When he first learned of his cancer years ago, he says, “the fact occurred to me if there are things you want to accomplish, you better start to focus on those. Cancer wound up enhancing my life to a large degree. I started to make more conscious plans. It puts life in perspective.”
And then he turns to the subject of Charlie.
“Hanging with Charlie — it’s much more than painting. I mean, I could paint with anybody. We were friends. We were fraternity brothers.” He goes on: “You have cancer and you can’t share it with everybody. You can’t share your inner thoughts with everybody, but you can with a good friend like Charlie. … The older you get the more experiences you have with illness, with death. I feel like when I share some of that with Charlie, it resonates with him. He listens, and he gives me good feedback. Having a good friend like Charlie is important to me, and hopefully I’ve served that purpose for him, too.”
I call Charlie a few days later and tell him about my conversation with Dick. “It’s funny when you’re building those friendships in college, a lot of those friendships you carry through life.

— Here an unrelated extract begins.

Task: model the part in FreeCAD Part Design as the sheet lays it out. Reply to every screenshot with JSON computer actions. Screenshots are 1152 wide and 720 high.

But you don’t get nearly as close … unless you know them later in life and really get to the guts of the matter and the person. And that’s the way it’s been with Dick and me.”
When Dick shared the news about his cancer a few years ago, Charlie was moved by the confidence Dick placed in him but was struck more by the way Dick lived all-out with the diagnosis. “Life hands you a bucket of rotten lemons,” Charlie says, “and it’s up to you whether you’re going to take the action to make it into lemonade or not. When I’m with Dick I see lemonade all the time. Life has handed him a real challenge with this cancer, and he has moved on.”

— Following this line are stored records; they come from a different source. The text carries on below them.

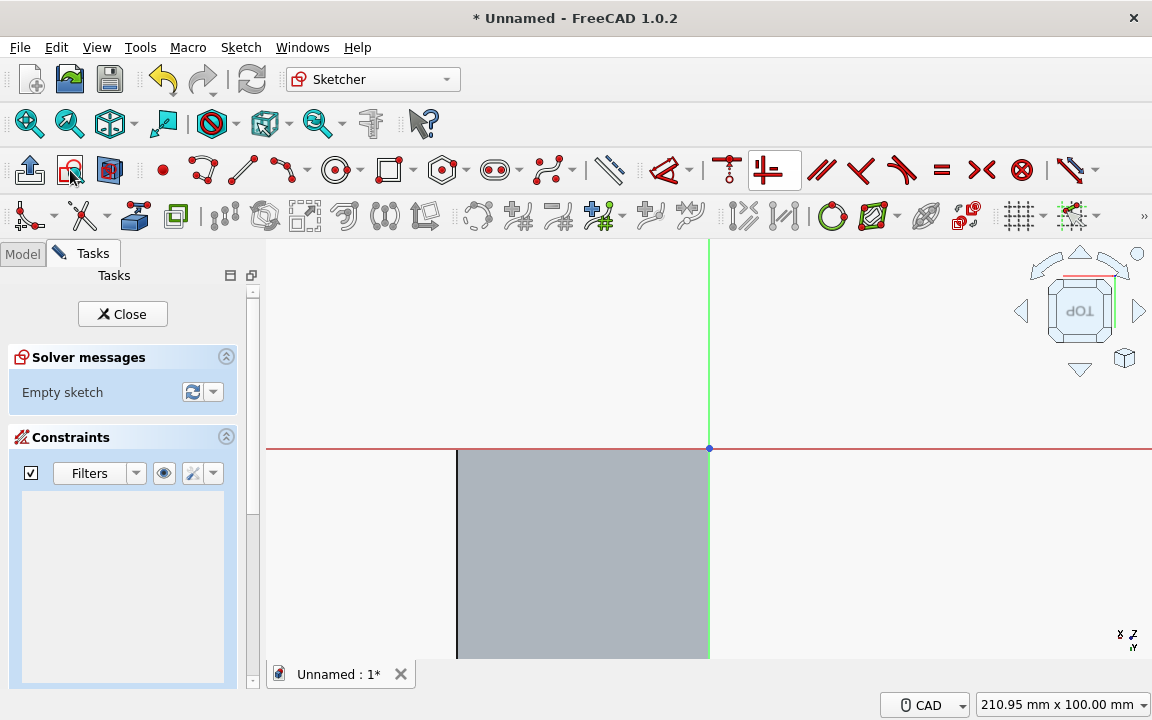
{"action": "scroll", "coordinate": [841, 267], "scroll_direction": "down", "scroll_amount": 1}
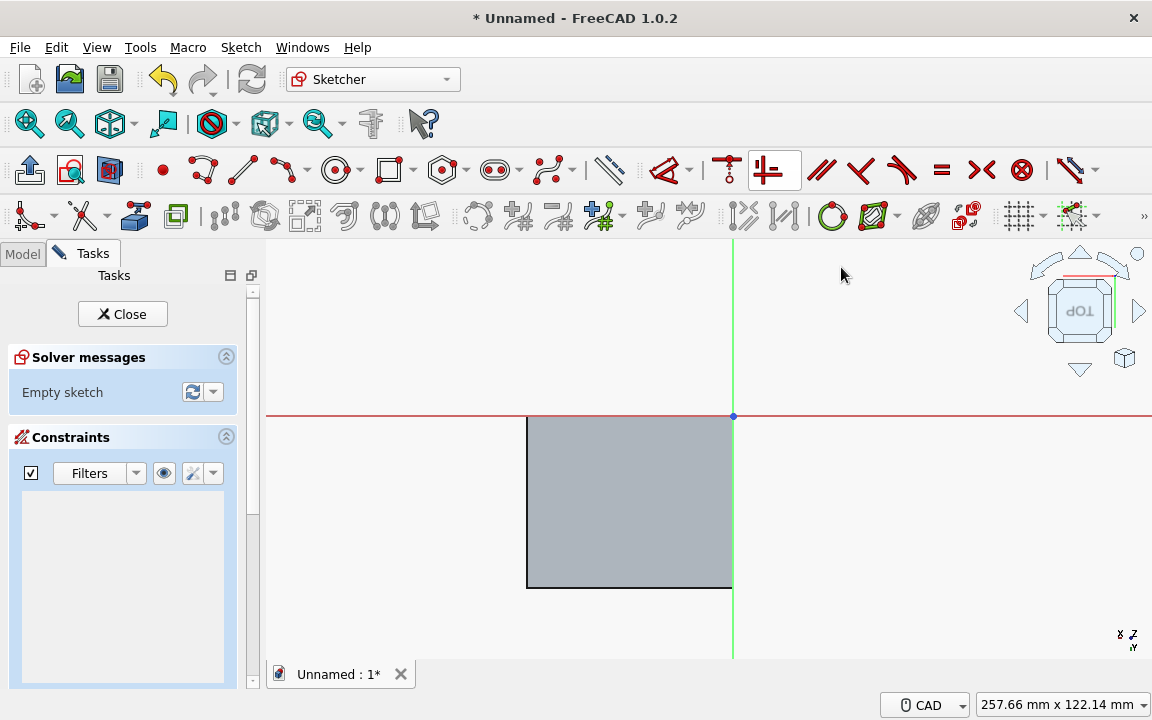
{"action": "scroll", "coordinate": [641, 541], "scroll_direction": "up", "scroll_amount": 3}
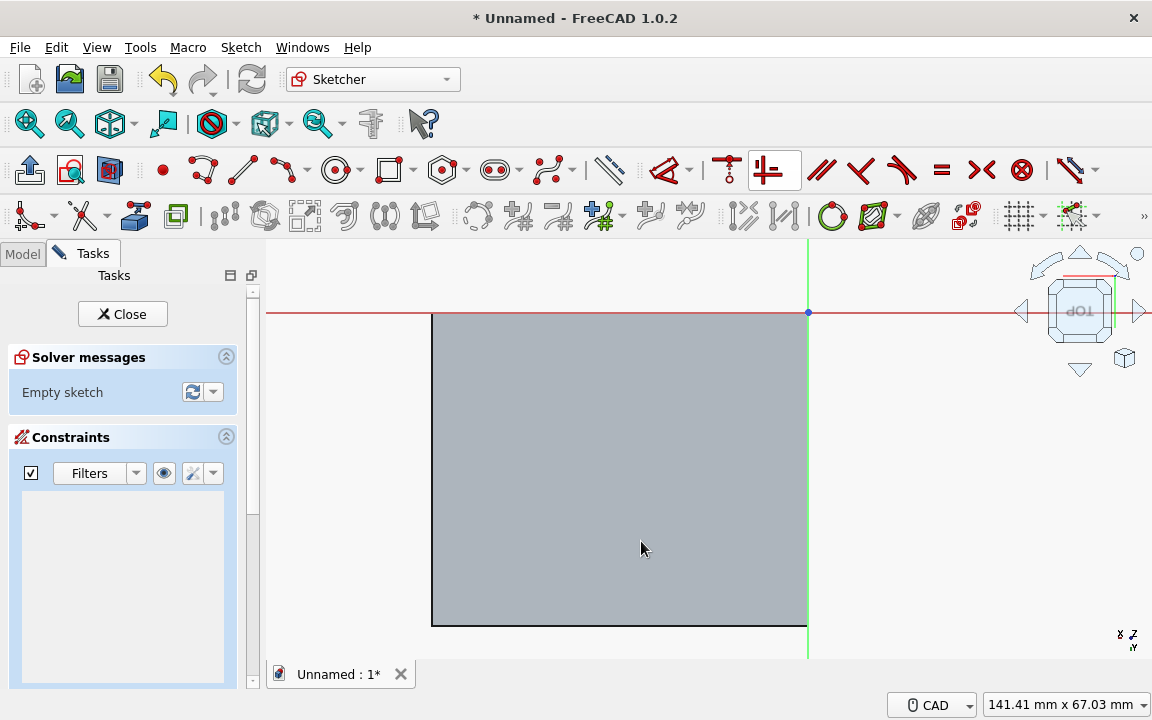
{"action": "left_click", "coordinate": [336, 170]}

As Charlie sees it, there is a larger plan at work. “When you’re suffering — no matter the degree of it, no matter what kind — you want to have somebody with a hand on your shoulder saying, ‘I understand. I’m here with you, and if you need me I’m right here.’ I just think that’s why we’re all put here. …”
“Yeah, we were college roommates, but we’re a lot closer than we ever were in college. … Our really deep friendship has developed since painting. Painting is an excuse for us to get together.”
Dick has been away in the Northeast for nine days and won’t return until the following week. Charlie has been missing him and their conversations. Charlie says, “I know exactly what’s going to happen. He’s going to come over with his canvas and all his brushes and paints and we’ll never make it upstairs.”
Charlie’s 50th reunion at Broughton High School. The painting workshop in Maine. The Demon Deacons football season. There will be ever so much to talk about.